L'ivrogne, d'un air ironique, tira son chapeau.

– Tu es une bonne pâte d'homme, toi, dit-il.

– Je m'en vante.

Et ils se séparèrent, chacun poursuivant sa route en sens contraire.

– Qu'arrive-t-il, pensait alors Raymond, pour que Mlle de Maillefert en soit réduite à demander des avances à ses fermiers? Quelle folie de la duchesse a-t-elle à réparer? quelle nouvelle frasque de M. Philippe?..

Et il se représentait la malheureuse aux prises avec ces incurables prodigues, harcelée, tiraillée, tour à tour suppliée et menacée, condamnée à une lutte de tous les instants.

Certes, il lui avait fallu une énergie de fer pour résister si longtemps. Mais un jour ne viendrait-il pas où, brisée de cet atroce combat, excédée, désespérée, vaincue, elle dirait à ce frère insensé et à cette mère absurde:

– Vous le voulez, soit! prenez tout, dépensez, dilapidez, jetez au vent, et périsse après l'honneur de Maillefert…

C'est avec des tressaillements d'une joie égoïste que Raymond songeait à cette ruine possible de Mlle Simone. Ruinée, il la voyait plus près de lui, et il pouvait avouer son amour sans être soupçonné d'une honteuse spéculation.
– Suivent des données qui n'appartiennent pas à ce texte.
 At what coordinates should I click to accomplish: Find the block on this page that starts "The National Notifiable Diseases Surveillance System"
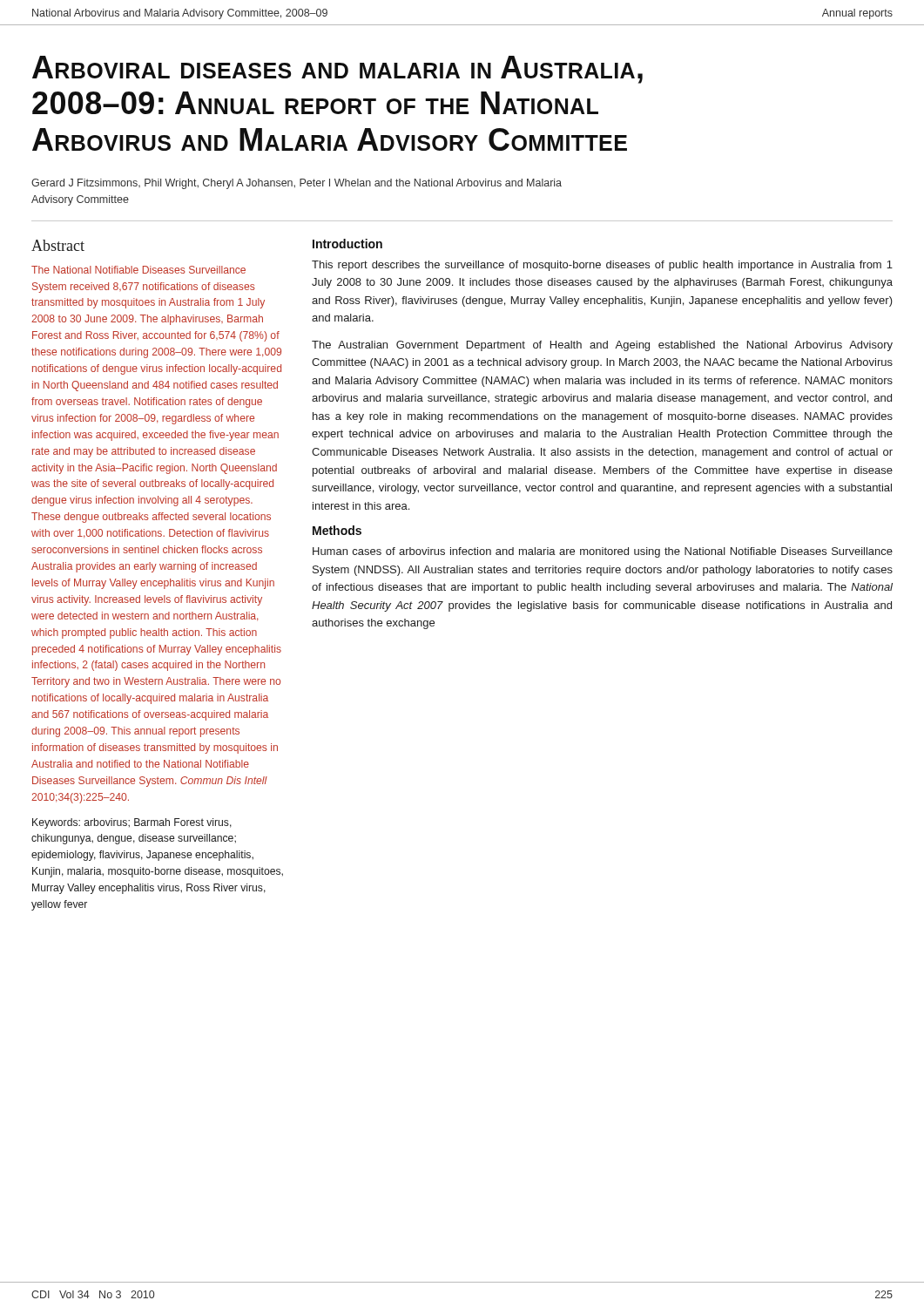[157, 533]

Telles étaient ses réflexions, tout en regagnant les Rosiers, quand, arrivé au milieu du pont suspendu, il s'entendit appeler. Il se retourna et se trouva nez à nez avec Savinien Bizet de Chenehutte, lequel glorieusement portait le bras en écharpe.

– Vous voici donc, mon cher Delorge, disait l'aimable jeune homme. Eh bien! vous étiez au bal de Maillefert. Mes compliments sincères! On ne parle que de vos succès. Vous avez paru et vous avez triomphé. Miracle! La statue s'est animée, ses beaux yeux se sont abaissés tendrement sur vous, elle a parlé, elle a dansé, elle a souri… Oh! je suis bien informé! La duchesse, à ce qu'il paraît, faisait un nez d'une aune.

– Je ne sais ce que vous voulez dire, dit froidement Raymond.

Et du coin de l'œil il mesurait la hauteur du pont et la profondeur de l'eau. Il lui fallait se tenir à quatre, pour ne pas saisir le sieur Bizet et le lancer par-dessus le parapet.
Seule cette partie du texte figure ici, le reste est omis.